A Justiça Federal negou o pedido de liberdade de Germán Naranjo Maldini, executivo chileno detido após cometer ofensas racistas e homofóbicas contra tripulantes durante um voo da Latam Airlines. A decisão da 4ª Vara Federal de Guarulhos considerou a gravidade da conduta e o risco de fuga por ele ser estrangeiro.
Germán foi preso pela Polícia Federal no aeroporto de Guarulhos na sexta-feira (15/05), após os ataques ocorridos no dia 10 de maio durante o voo com destino a Frankfurt. Segundo relatos, ele tentou abrir a porta da aeronave em pleno voo e, ao ser contido, chamou um comissário de bordo de macaco e fez sons imitando o animal.

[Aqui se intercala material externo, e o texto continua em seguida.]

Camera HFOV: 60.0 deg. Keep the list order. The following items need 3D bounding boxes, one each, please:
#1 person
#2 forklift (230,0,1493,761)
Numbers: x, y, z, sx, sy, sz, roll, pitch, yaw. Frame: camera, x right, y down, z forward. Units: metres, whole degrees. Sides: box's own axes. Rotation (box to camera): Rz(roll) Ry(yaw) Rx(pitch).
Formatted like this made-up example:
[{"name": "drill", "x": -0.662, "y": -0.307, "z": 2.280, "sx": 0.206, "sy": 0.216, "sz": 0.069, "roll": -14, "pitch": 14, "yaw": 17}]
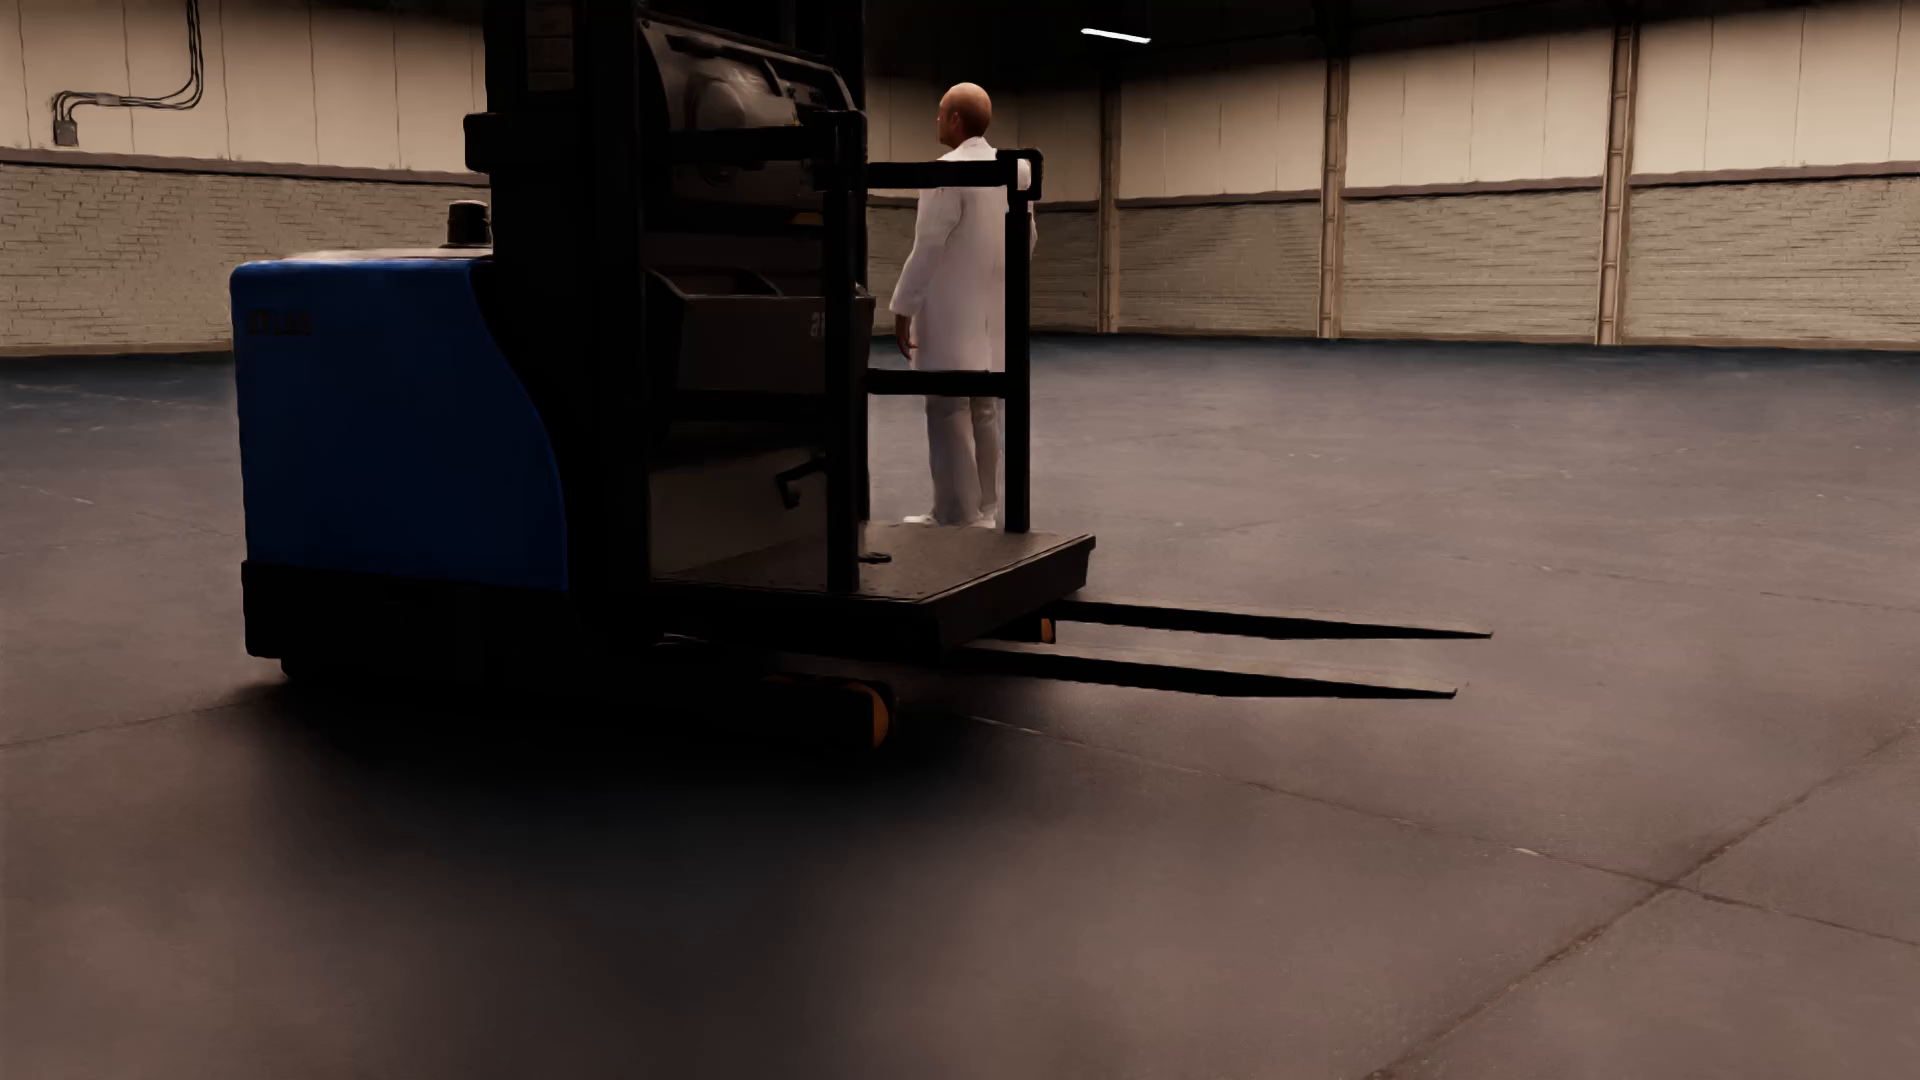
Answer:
[{"name": "person", "x": -0.062, "y": -0.896, "z": 6.650, "sx": 0.579, "sy": 1.776, "sz": 0.694, "roll": 8, "pitch": 12, "yaw": 43}, {"name": "forklift", "x": -0.291, "y": -1.065, "z": 3.949, "sx": 3.031, "sy": 2.935, "sz": 1.130, "roll": 4, "pitch": 9, "yaw": 24}]

O advogado criminalista Carlos Kauffmann, que defende o executivo, apresentou recursos alegando que não foram considerados o histórico de internações psiquiátricas do cliente. A defesa impetrou habeas corpus solicitando transferência para unidade clínica adequada.
“A defesa entende que não foram devidamente considerados o histórico pretérito e atual de internações de seu cliente, bem como o tratamento médico do assistido, quadro que, inclusive, coloca-o em risco na prisão em que se encontra”, argumentou a defesa.
Ataques discriminatórios durante o voo
A Latam Airlines informou que “repudia veementemente qualquer prática discriminatória” e colaborou com a Polícia Federal para a prisão do passageiro. A empresa afirmou que presta “acolhimento psicológico e suporte jurídico ao funcionário vítima dessa violência”.
Demissão e histórico de problemas
A Landes, companhia chilena de pescados onde Germán atuava como gerente comercial, o demitiu três dias após abrir investigação interna. A empresa divulgou comunicado no dia 19 de maio: “Após a conclusão da investigação interna iniciada no último sábado, 16 de maio, e após ter sido formal e preventivamente afastado de suas funções no mesmo dia, informamos que Germán Naranjo Maldini não é mais o gerente comercial da Landes”.
O executivo enfrenta denúncia por tentativa de suborno a funcionário público chileno em 4 de fevereiro de 2025. Segundo o 4º Tribunal de Garantia de Santiago, ele ofereceu US$ 10 mil para obtenção rápida de passaporte do filho menor. Durante a abordagem, teria perguntado: “A quem temos de pagar?” e depois disse: “Pegue isso e faça meu passaporte rapidamente”.
Falsa ameaça de bomba em 2013
Em agosto de 2013, Germán comunicou falsa ameaça de bomba no Hotel W Las Condes, afirmando ter “deixado uma bomba lá para matar todos os muçulmanos”. O caso foi arquivado em setembro de 2013 pelo Ministério Público chileno, que pediu apenas advertência ao executivo.
A decisão judicial sobre a manutenção da prisão leva em conta a “gravidade concreta da conduta” e o risco à ordem pública, além da possibilidade de o acusado deixar o país por ser estrangeiro.